"Perhaps you should have posted a bounty."
"The thought of a reward occurred to me," said the other, ignoring the irresistible barb. "In this mood, I am tempted still. But we found the bodies of Sam Fire Eye and Dick Lightfoot at the base of Angel's Peak, and from their condition it appears that you were telling the truth about what happened up there."
Fulwider studied him. "Does that mean North is no longer wanted?"
"I just finished wiring cancellations to my pick-up order. Not that any are needed, the way he operates."
"Then I'm free to go?"
The sheriff rumpled his hair energetically, releasing a cloud of yellow dust. " 'Go' is the most important word in that question. Go, and keep going. Since you are not wanted for anything either, I have no authority to order you out of town, but Mrs. Adamson and I would consider your loss a great gain, if you understand a foreigner's use of the language."
"When is the next train east?" asked the other.
FINAL NOTES
In one of those twists of fate that so delight historians, a bounty of sorts was eventually paid on the hide of Black Jack, though the amount and the circumstances could hardly have been predicted.

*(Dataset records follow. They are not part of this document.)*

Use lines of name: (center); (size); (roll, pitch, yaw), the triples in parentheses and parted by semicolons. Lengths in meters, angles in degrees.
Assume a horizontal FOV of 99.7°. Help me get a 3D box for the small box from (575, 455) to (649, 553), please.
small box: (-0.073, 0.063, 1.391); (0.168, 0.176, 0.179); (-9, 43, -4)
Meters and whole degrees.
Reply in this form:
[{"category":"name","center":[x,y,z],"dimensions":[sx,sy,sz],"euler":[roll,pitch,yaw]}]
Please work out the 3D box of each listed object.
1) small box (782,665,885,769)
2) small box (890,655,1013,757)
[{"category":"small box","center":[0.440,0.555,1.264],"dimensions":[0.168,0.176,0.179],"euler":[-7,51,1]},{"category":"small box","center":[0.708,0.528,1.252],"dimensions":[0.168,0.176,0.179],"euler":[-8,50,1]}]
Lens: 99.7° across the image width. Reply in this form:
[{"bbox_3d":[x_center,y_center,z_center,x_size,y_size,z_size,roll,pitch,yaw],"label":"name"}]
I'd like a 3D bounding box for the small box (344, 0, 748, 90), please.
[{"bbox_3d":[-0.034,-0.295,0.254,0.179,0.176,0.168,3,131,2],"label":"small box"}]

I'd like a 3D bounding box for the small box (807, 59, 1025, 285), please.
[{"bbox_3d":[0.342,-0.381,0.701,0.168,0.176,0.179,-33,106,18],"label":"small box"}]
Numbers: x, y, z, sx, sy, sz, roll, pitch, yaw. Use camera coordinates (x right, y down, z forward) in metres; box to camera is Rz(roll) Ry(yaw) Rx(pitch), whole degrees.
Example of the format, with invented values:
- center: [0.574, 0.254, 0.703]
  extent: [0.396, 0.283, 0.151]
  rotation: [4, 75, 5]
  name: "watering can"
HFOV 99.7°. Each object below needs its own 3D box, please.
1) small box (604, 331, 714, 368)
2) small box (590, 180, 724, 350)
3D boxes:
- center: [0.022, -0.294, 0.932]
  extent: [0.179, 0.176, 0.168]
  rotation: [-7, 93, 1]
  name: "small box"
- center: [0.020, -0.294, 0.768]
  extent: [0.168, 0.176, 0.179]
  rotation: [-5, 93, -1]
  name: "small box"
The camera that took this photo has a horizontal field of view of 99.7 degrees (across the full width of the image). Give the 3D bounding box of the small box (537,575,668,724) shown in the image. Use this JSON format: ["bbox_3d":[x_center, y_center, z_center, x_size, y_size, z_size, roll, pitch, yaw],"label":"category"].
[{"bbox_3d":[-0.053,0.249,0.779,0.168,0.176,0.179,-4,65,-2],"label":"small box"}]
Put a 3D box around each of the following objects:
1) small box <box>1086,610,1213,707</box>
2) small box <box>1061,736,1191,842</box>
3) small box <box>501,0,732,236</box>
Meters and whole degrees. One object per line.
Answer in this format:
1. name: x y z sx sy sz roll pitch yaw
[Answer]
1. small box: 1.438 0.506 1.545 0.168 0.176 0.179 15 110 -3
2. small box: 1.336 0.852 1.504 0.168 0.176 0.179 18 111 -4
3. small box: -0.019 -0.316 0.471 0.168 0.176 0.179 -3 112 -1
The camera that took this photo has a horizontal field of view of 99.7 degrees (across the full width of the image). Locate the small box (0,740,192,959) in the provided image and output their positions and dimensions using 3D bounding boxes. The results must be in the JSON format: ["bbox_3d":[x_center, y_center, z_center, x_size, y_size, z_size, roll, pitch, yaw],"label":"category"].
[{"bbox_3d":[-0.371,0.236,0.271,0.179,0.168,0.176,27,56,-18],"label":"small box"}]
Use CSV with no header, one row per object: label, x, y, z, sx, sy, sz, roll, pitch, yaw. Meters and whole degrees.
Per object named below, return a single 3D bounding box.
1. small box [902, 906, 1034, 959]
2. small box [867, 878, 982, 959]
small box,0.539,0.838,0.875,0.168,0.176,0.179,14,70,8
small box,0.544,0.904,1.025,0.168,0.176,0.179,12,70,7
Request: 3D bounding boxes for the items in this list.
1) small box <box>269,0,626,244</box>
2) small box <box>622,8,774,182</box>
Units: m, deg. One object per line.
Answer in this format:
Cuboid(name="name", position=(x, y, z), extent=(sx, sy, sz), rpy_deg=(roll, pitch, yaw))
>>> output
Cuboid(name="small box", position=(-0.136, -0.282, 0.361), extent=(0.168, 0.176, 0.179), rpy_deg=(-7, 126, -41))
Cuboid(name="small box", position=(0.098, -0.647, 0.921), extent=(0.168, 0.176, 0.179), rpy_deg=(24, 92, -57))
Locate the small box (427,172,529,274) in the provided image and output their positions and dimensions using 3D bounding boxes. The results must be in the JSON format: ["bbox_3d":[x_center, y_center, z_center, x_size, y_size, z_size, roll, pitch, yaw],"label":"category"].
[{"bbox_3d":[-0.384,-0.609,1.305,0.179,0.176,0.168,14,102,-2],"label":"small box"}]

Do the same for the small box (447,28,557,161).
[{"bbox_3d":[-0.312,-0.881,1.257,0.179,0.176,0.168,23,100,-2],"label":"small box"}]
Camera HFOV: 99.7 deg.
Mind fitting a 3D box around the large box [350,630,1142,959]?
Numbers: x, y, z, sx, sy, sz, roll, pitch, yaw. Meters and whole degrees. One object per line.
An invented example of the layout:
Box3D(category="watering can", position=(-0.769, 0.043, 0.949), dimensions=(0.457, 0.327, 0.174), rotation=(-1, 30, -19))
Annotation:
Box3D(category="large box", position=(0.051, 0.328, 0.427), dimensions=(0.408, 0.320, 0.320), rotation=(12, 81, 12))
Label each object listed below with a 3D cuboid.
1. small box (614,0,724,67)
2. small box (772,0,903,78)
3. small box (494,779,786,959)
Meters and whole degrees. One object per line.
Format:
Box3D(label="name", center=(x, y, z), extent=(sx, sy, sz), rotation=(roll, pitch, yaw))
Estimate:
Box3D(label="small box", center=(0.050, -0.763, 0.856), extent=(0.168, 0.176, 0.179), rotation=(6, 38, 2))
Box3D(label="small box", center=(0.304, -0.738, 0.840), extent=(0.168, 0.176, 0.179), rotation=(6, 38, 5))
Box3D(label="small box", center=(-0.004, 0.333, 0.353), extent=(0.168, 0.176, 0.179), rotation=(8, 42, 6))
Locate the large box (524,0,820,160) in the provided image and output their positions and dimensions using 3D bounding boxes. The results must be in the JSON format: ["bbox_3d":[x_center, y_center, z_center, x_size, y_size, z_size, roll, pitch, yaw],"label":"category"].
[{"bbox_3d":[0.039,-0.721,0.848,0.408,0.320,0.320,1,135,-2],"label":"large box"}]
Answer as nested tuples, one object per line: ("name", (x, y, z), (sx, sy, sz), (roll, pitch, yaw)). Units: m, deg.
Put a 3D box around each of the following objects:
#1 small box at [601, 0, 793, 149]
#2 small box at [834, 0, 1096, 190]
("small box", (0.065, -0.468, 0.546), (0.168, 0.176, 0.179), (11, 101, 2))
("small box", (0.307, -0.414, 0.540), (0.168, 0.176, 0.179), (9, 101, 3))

Months after the events described in the previous narrative, an itinerant hunter roaming the forests east of the Caribou Mountains came upon the bones of a large wolf nearly a mile below Angel's Peak. On a hunch he claimed one of the few remaining patches of black-and-gray hide, cured it and sold it for whiskey money in Rebellion. The patch, eighteen inches long and shaped somewhat like a bow tie, eventually found its way into the hands of Nelson Meredith, who displayed it on a wall in his office until his dismissal following an audit of Newcastle accounts in 1888. It disappeared for a time, resurfacing behind the bar of the Timber Queen saloon in 1905, where it was destroyed in a fire that swept through town two years later. At that point, both it and Rebellion passed from the western scene.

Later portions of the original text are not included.